The present invention relates to: a boron compound having a structure comprising a specific substituent; and an organic light-emitting device comprising same, and, more specifically, to a boron compound and an organic light-emitting device comprising same, the boron compound having, attached thereto, a substituent capable of disrupting intermolecular packing at the para-position of boron, which has no effect on color characteristics, and, simultaneously, transforming a boron core inner structure, which affects color characteristics, into a carbazole form having only one side substituted with a heteroatom aromatic ring, so that quantum efficiency and lifespan characteristics are improved.

Description

보론 화합물 및 이를 포함하는 유기발광소자Boron compound and organic light emitting device containing the same
본 발명은 좁은 반치폭 특성을 가진 보론 지연 형광 화합물(Thermally activated delayed fluorescence) 및 이를 이용하여 색 특성이 개선된 유기발광소자에 관한 것이다.The present invention relates to a boron delayed fluorescent compound having a narrow half-width characteristic (thermally activated delayed fluorescence) and an organic light emitting device having improved color characteristics using the same.

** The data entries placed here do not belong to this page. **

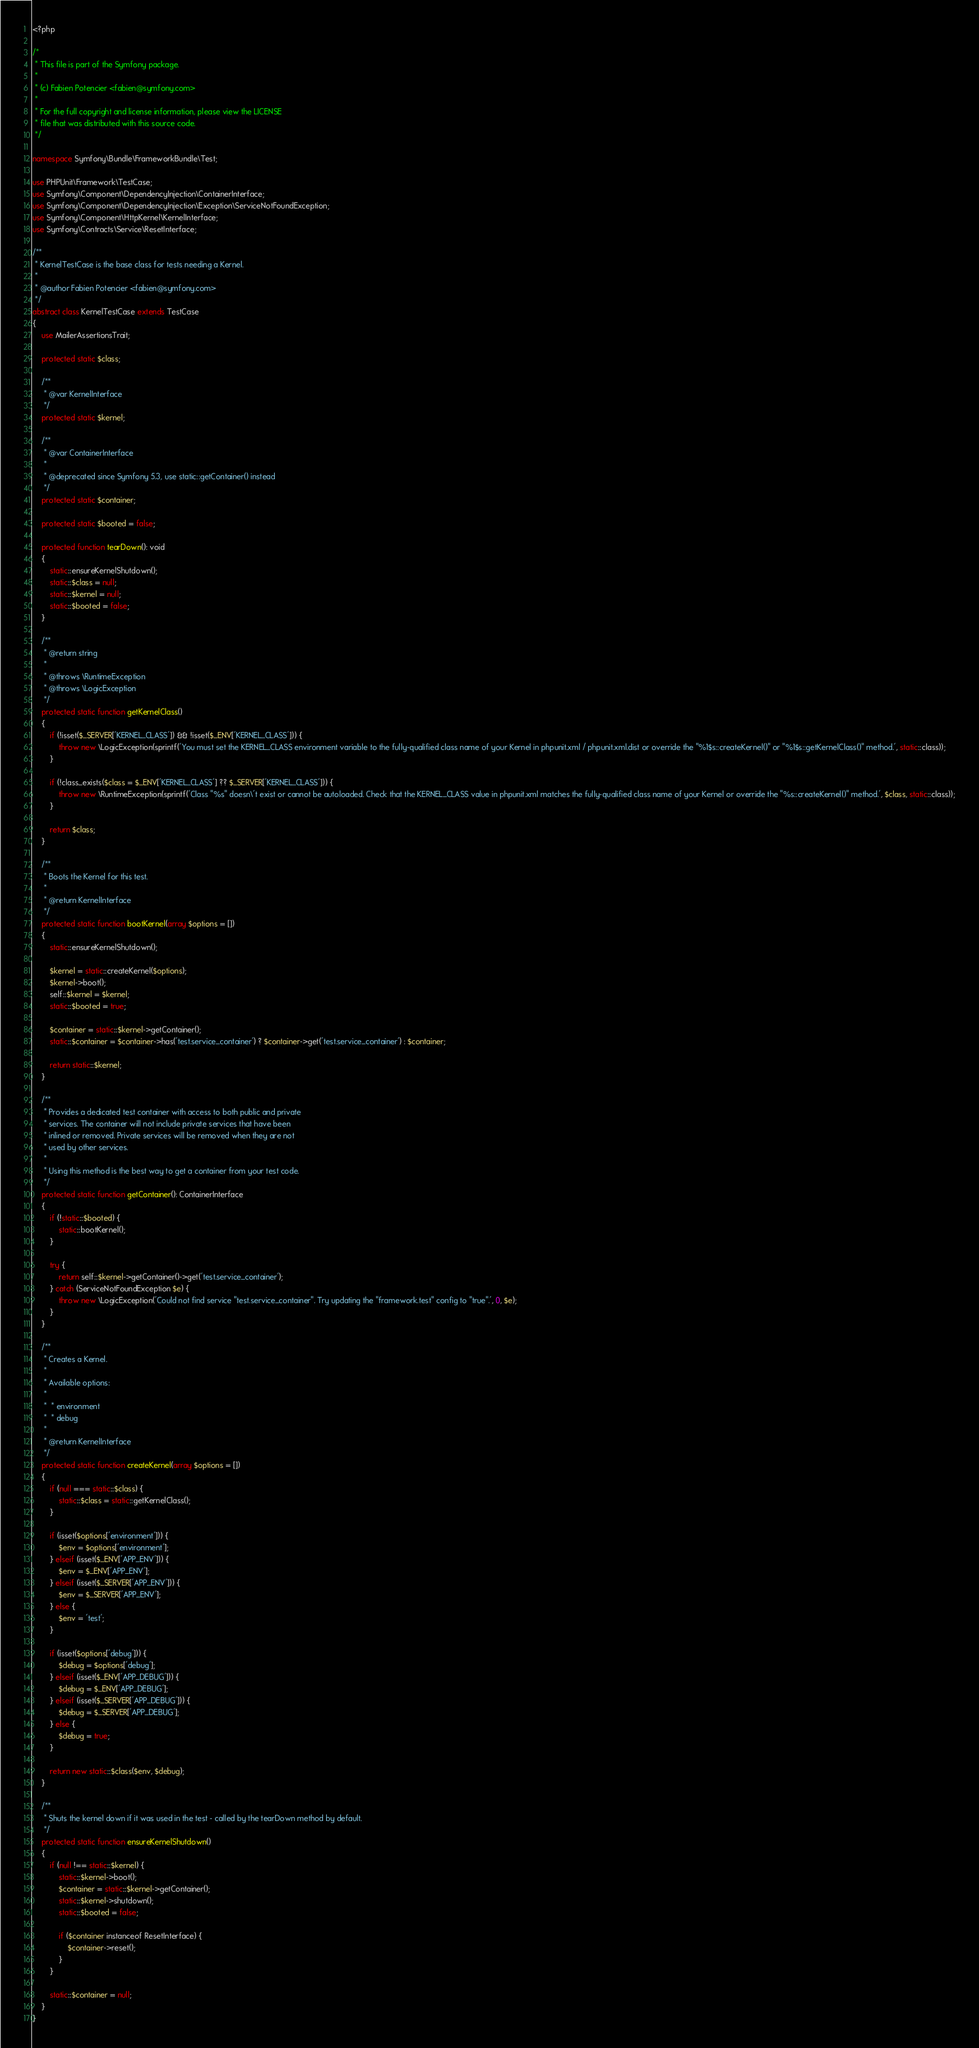Convert code to text. <code><loc_0><loc_0><loc_500><loc_500><_PHP_><?php

/*
 * This file is part of the Symfony package.
 *
 * (c) Fabien Potencier <fabien@symfony.com>
 *
 * For the full copyright and license information, please view the LICENSE
 * file that was distributed with this source code.
 */

namespace Symfony\Bundle\FrameworkBundle\Test;

use PHPUnit\Framework\TestCase;
use Symfony\Component\DependencyInjection\ContainerInterface;
use Symfony\Component\DependencyInjection\Exception\ServiceNotFoundException;
use Symfony\Component\HttpKernel\KernelInterface;
use Symfony\Contracts\Service\ResetInterface;

/**
 * KernelTestCase is the base class for tests needing a Kernel.
 *
 * @author Fabien Potencier <fabien@symfony.com>
 */
abstract class KernelTestCase extends TestCase
{
    use MailerAssertionsTrait;

    protected static $class;

    /**
     * @var KernelInterface
     */
    protected static $kernel;

    /**
     * @var ContainerInterface
     *
     * @deprecated since Symfony 5.3, use static::getContainer() instead
     */
    protected static $container;

    protected static $booted = false;

    protected function tearDown(): void
    {
        static::ensureKernelShutdown();
        static::$class = null;
        static::$kernel = null;
        static::$booted = false;
    }

    /**
     * @return string
     *
     * @throws \RuntimeException
     * @throws \LogicException
     */
    protected static function getKernelClass()
    {
        if (!isset($_SERVER['KERNEL_CLASS']) && !isset($_ENV['KERNEL_CLASS'])) {
            throw new \LogicException(sprintf('You must set the KERNEL_CLASS environment variable to the fully-qualified class name of your Kernel in phpunit.xml / phpunit.xml.dist or override the "%1$s::createKernel()" or "%1$s::getKernelClass()" method.', static::class));
        }

        if (!class_exists($class = $_ENV['KERNEL_CLASS'] ?? $_SERVER['KERNEL_CLASS'])) {
            throw new \RuntimeException(sprintf('Class "%s" doesn\'t exist or cannot be autoloaded. Check that the KERNEL_CLASS value in phpunit.xml matches the fully-qualified class name of your Kernel or override the "%s::createKernel()" method.', $class, static::class));
        }

        return $class;
    }

    /**
     * Boots the Kernel for this test.
     *
     * @return KernelInterface
     */
    protected static function bootKernel(array $options = [])
    {
        static::ensureKernelShutdown();

        $kernel = static::createKernel($options);
        $kernel->boot();
        self::$kernel = $kernel;
        static::$booted = true;

        $container = static::$kernel->getContainer();
        static::$container = $container->has('test.service_container') ? $container->get('test.service_container') : $container;

        return static::$kernel;
    }

    /**
     * Provides a dedicated test container with access to both public and private
     * services. The container will not include private services that have been
     * inlined or removed. Private services will be removed when they are not
     * used by other services.
     *
     * Using this method is the best way to get a container from your test code.
     */
    protected static function getContainer(): ContainerInterface
    {
        if (!static::$booted) {
            static::bootKernel();
        }

        try {
            return self::$kernel->getContainer()->get('test.service_container');
        } catch (ServiceNotFoundException $e) {
            throw new \LogicException('Could not find service "test.service_container". Try updating the "framework.test" config to "true".', 0, $e);
        }
    }

    /**
     * Creates a Kernel.
     *
     * Available options:
     *
     *  * environment
     *  * debug
     *
     * @return KernelInterface
     */
    protected static function createKernel(array $options = [])
    {
        if (null === static::$class) {
            static::$class = static::getKernelClass();
        }

        if (isset($options['environment'])) {
            $env = $options['environment'];
        } elseif (isset($_ENV['APP_ENV'])) {
            $env = $_ENV['APP_ENV'];
        } elseif (isset($_SERVER['APP_ENV'])) {
            $env = $_SERVER['APP_ENV'];
        } else {
            $env = 'test';
        }

        if (isset($options['debug'])) {
            $debug = $options['debug'];
        } elseif (isset($_ENV['APP_DEBUG'])) {
            $debug = $_ENV['APP_DEBUG'];
        } elseif (isset($_SERVER['APP_DEBUG'])) {
            $debug = $_SERVER['APP_DEBUG'];
        } else {
            $debug = true;
        }

        return new static::$class($env, $debug);
    }

    /**
     * Shuts the kernel down if it was used in the test - called by the tearDown method by default.
     */
    protected static function ensureKernelShutdown()
    {
        if (null !== static::$kernel) {
            static::$kernel->boot();
            $container = static::$kernel->getContainer();
            static::$kernel->shutdown();
            static::$booted = false;

            if ($container instanceof ResetInterface) {
                $container->reset();
            }
        }

        static::$container = null;
    }
}
</code> 
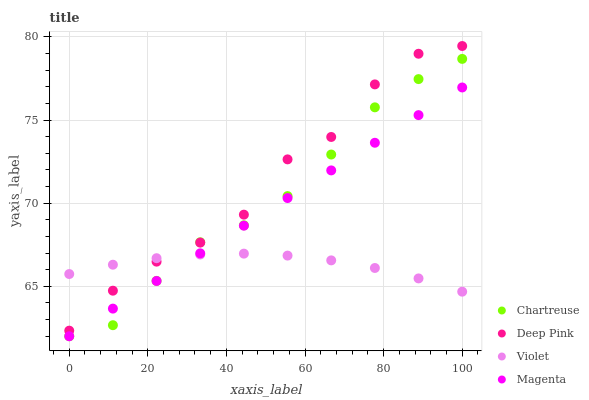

유기발광이란 유기 물질을 이용하여 전기 에너지를 빛 에너지로 변환시키는 현상을 말한다. 이때 유기발광소자란 애노드와 캐소드 사이에 유기물질을 다층으로 구성하여 전기 에너지를 가하면 빛을 발광하는 소자이다. 유기발광소자는 효율과 안정성을 위해 다층의 유기층으로 구성되며, 기본적으로 정공주입층, 정공수송층, 발광층, 전자수송층, 및 전자주입층 등으로 이루어질 수 있다.Organic luminescence refers to a phenomenon in which electrical energy is converted into light energy using organic materials. At this time, the organic light emitting device is a device that emits light when electrical energy is applied by configuring an organic material in multiple layers between an anode and a cathode. The organic light emitting diode is composed of multiple organic layers for efficiency and stability, and may basically include a hole injection layer, a hole transport layer, a light emitting layer, an electron transport layer, and an electron injection layer.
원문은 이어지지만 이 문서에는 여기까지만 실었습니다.